Mr. MADISON liked the motion, as preventing all state imposts; but lamented the complexity we were giving to the commercia system:

Mr. GOUVERNEUR MORRIS thought the regulation necessary, to prevent the Atlantic States from endeavoring to tax the Western States, and promote their interest by opposing the navigation of the Mississippi, which would drive the western people into the arms of Great Britain.

Mr. CLYMER thought the encouragement of the western country was suicide on the part of the old states. If the states have such different interests that they cannot be left to regulate their own manufactures without encountering the interests of other states, it is a proof that they are not fit to compose one nation.

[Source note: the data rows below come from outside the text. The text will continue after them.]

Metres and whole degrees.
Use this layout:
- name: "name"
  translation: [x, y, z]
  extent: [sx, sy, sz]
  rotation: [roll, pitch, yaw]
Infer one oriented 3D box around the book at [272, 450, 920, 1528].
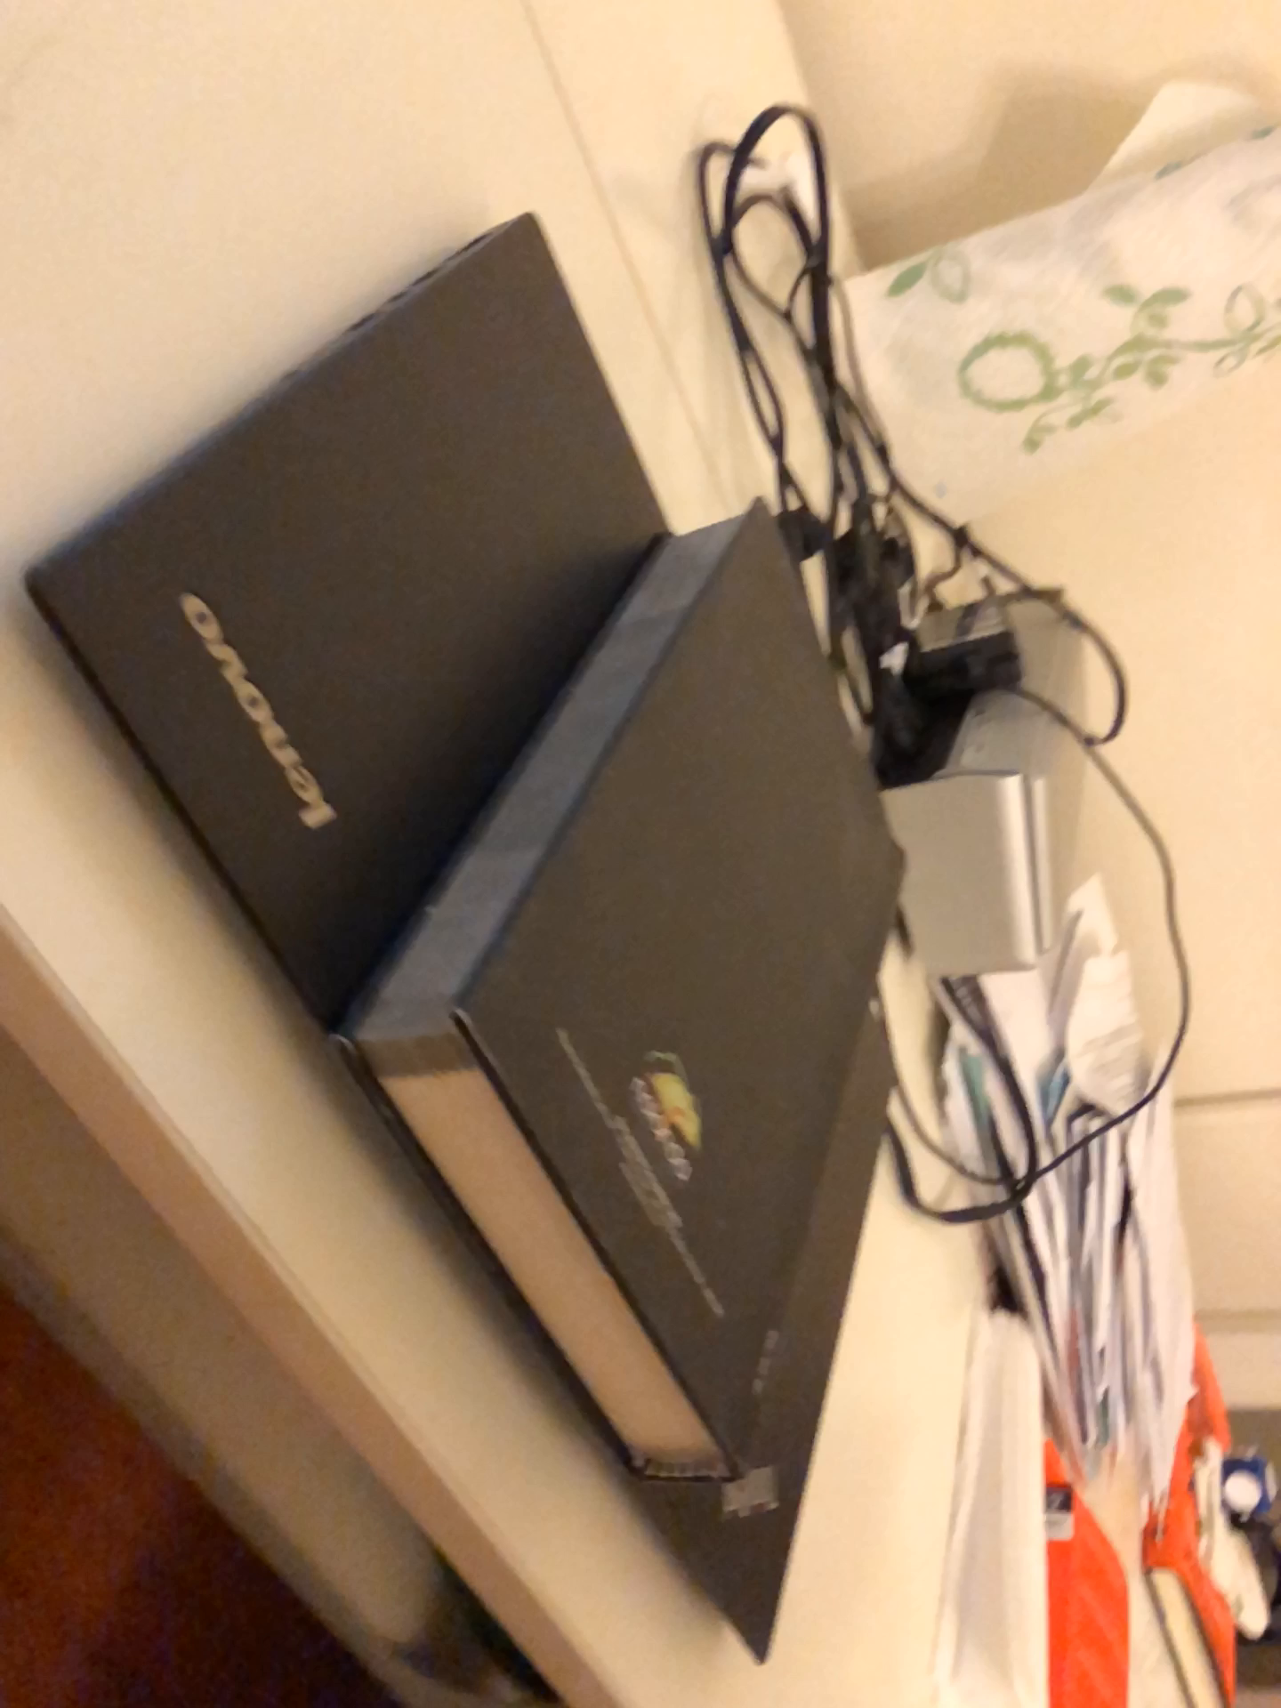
- name: "book"
  translation: [0.015, 0.017, 0.357]
  extent: [0.150, 0.040, 0.231]
  rotation: [63, 30, -28]
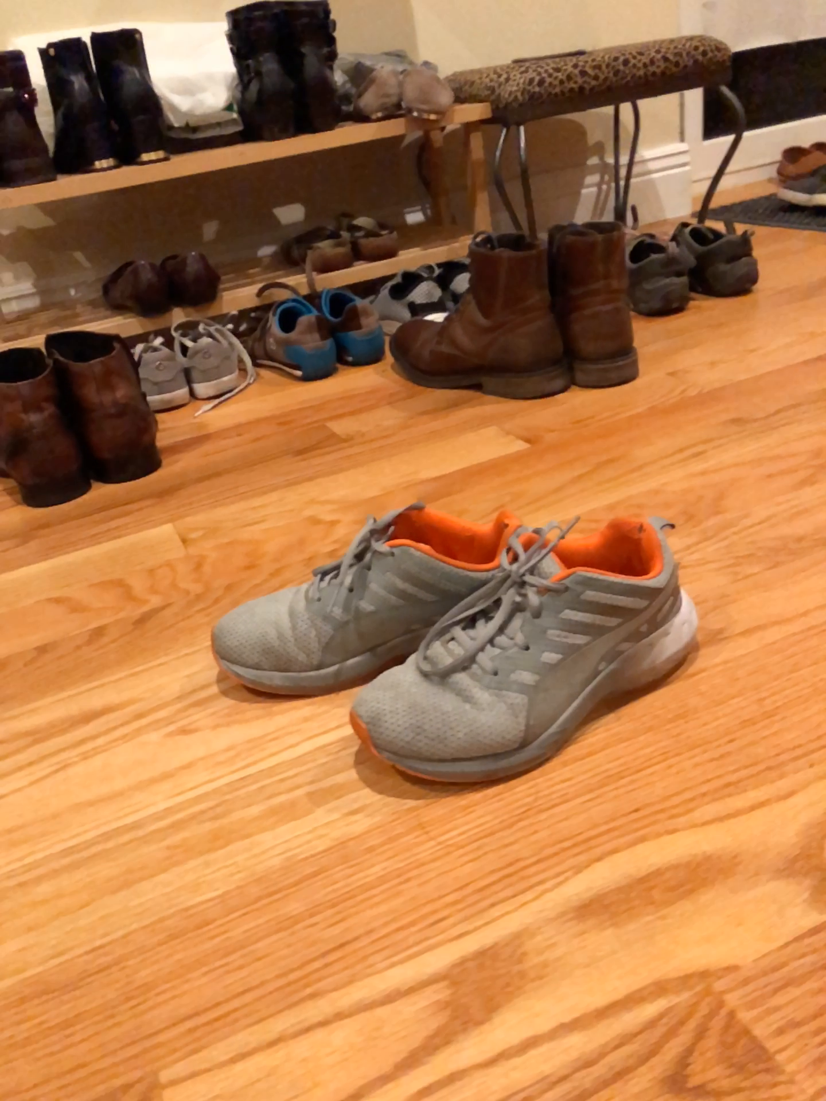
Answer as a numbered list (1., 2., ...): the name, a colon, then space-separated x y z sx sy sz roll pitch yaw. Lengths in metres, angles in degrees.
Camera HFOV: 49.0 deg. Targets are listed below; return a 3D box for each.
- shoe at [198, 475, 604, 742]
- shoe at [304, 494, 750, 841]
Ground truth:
1. shoe: -0.008 0.036 0.625 0.250 0.099 0.101 -11 27 -4
2. shoe: 0.075 0.058 0.560 0.250 0.080 0.110 -22 30 -24
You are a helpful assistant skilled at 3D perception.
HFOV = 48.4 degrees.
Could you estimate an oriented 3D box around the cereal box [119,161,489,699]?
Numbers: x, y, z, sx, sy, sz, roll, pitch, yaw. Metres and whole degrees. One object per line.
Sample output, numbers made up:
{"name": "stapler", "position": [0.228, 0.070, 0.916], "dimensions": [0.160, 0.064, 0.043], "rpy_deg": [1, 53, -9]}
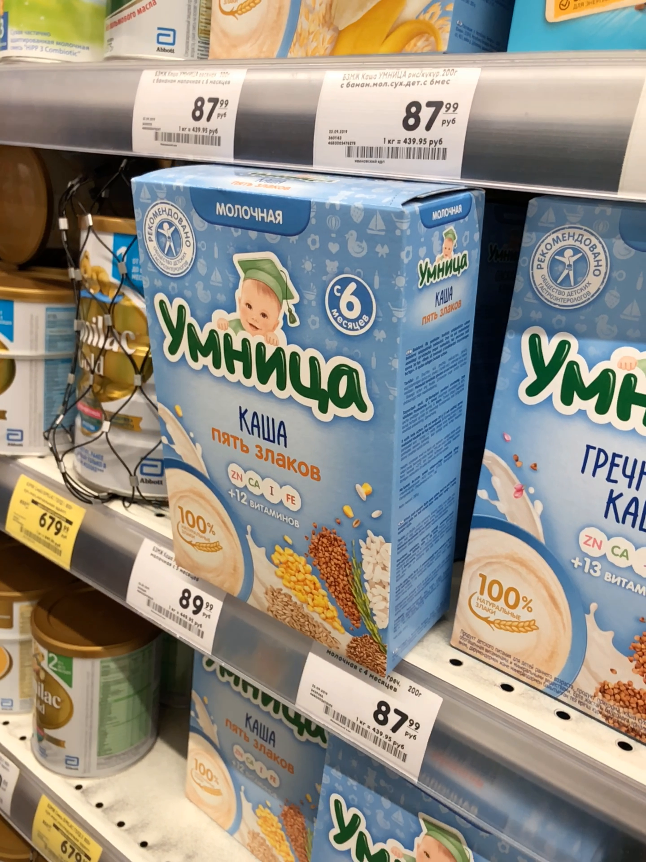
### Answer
{"name": "cereal box", "position": [-0.009, -0.007, 0.328], "dimensions": [0.140, 0.209, 0.060], "rpy_deg": [18, 32, 35]}

Mr. KING was afraid that the regulation moved by Mr. Sherman would too much interfere with the policy of states respecting their manufactures, which may be necessary. Revenue, he reminded the House, was the object of the general legislature.

On Mr. Sherman's motion,

New Hampshire, Connecticut, New Jersey, Pennsylvania, Delaware, Virginia, North Carolina, South Carolina, Georgia, ay, 9; Massachusetts, Maryland, no, 2.

Article 13, was then agreed to, as amended.

Article 14, was then taken up.

Gen. PINCKNEY was not satisfied with it. He seemed to wish some provision should be included in favor of property in slaves. On the question on article 14.

New Hampshire, Massachusetts, Connecticut, New Jersey, Pennsylvania, Delaware, Maryland, Virginia, North Carolina, ay, 9; South Carolina, no, 1; Georgia, divided.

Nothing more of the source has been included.